Data for this exercise:
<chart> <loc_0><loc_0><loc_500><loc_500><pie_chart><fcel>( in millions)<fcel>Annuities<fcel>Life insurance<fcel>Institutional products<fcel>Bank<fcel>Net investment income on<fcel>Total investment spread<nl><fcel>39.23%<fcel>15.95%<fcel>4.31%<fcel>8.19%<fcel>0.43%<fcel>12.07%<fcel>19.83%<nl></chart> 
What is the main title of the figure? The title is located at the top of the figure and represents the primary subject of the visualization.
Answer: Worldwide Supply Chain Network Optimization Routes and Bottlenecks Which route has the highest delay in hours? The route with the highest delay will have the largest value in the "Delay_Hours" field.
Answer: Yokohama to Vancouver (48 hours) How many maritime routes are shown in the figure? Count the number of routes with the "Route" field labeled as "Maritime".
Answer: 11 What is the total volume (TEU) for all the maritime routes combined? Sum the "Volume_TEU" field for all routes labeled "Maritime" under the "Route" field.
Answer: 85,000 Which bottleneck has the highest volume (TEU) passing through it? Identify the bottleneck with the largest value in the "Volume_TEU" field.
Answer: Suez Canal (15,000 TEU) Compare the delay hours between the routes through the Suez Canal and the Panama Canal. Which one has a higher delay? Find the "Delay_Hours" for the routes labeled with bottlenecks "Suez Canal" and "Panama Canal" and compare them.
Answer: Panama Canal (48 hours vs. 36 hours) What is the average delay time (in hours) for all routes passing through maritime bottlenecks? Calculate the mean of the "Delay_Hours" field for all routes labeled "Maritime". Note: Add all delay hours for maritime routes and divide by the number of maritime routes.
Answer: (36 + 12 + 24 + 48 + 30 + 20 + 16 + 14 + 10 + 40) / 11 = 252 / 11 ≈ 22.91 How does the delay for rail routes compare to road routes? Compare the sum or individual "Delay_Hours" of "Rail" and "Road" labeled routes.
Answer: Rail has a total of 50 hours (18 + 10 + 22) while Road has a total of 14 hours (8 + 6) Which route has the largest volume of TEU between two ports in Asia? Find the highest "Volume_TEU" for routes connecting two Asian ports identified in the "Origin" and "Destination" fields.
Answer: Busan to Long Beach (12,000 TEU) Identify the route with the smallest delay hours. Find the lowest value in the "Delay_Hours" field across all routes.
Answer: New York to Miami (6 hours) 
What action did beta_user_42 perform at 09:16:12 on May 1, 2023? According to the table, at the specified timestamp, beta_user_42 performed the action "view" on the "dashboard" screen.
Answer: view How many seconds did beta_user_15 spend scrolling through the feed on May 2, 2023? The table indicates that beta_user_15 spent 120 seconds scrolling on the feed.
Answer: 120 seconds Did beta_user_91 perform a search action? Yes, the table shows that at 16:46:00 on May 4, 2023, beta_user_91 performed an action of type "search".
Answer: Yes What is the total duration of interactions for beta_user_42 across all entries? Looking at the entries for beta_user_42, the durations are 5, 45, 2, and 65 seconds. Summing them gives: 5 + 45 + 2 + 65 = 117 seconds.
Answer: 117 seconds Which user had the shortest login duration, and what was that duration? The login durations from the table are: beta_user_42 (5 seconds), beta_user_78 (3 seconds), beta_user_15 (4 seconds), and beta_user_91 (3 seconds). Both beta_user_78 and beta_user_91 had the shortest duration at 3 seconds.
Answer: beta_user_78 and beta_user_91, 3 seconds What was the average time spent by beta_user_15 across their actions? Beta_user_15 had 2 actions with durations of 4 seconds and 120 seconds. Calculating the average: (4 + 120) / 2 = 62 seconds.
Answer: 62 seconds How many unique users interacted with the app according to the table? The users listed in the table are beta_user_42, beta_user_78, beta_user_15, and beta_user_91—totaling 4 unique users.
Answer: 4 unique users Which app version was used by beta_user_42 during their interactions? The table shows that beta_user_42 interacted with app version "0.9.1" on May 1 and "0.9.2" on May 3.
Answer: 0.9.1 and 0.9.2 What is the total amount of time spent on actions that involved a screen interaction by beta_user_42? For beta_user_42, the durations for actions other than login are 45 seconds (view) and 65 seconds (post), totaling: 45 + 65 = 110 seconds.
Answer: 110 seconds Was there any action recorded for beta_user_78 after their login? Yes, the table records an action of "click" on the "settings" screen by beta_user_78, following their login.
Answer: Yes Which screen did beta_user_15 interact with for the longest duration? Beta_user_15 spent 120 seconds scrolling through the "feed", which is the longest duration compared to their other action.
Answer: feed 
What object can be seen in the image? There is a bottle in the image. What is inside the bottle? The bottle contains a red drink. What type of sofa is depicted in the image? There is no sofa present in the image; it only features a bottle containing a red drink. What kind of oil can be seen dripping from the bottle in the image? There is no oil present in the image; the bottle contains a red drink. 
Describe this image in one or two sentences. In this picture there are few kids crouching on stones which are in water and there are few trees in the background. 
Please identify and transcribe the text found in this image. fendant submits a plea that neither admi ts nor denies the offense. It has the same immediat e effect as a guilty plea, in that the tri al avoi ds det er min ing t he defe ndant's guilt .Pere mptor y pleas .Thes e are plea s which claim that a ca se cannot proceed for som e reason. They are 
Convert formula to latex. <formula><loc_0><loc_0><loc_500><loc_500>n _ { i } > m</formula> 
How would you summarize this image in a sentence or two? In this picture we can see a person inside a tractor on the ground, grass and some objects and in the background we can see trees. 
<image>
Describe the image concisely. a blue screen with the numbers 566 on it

Task prompt: Word for word, reproduce the listing above from its start up to and including the line that has "Answer: Panama Canal". Give only those lines.

Response area:
<chart> <loc_0><loc_0><loc_500><loc_500><pie_chart><fcel>( in millions)<fcel>Annuities<fcel>Life insurance<fcel>Institutional products<fcel>Bank<fcel>Net investment income on<fcel>Total investment spread<nl><fcel>39.23%<fcel>15.95%<fcel>4.31%<fcel>8.19%<fcel>0.43%<fcel>12.07%<fcel>19.83%<nl></chart> 
What is the main title of the figure? The title is located at the top of the figure and represents the primary subject of the visualization.
Answer: Worldwide Supply Chain Network Optimization Routes and Bottlenecks Which route has the highest delay in hours? The route with the highest delay will have the largest value in the "Delay_Hours" field.
Answer: Yokohama to Vancouver (48 hours) How many maritime routes are shown in the figure? Count the number of routes with the "Route" field labeled as "Maritime".
Answer: 11 What is the total volume (TEU) for all the maritime routes combined? Sum the "Volume_TEU" field for all routes labeled "Maritime" under the "Route" field.
Answer: 85,000 Which bottleneck has the highest volume (TEU) passing through it? Identify the bottleneck with the largest value in the "Volume_TEU" field.
Answer: Suez Canal (15,000 TEU) Compare the delay hours between the routes through the Suez Canal and the Panama Canal. Which one has a higher delay? Find the "Delay_Hours" for the routes labeled with bottlenecks "Suez Canal" and "Panama Canal" and compare them.
Answer: Panama Canal (48 hours vs. 36 hours) What is the average delay time (in hours) for all routes passing through maritime bottlenecks? Calculate the mean of the "Delay_Hours" field for all routes labeled "Maritime". Note: Add all delay hours for maritime routes and divide by the number of maritime routes.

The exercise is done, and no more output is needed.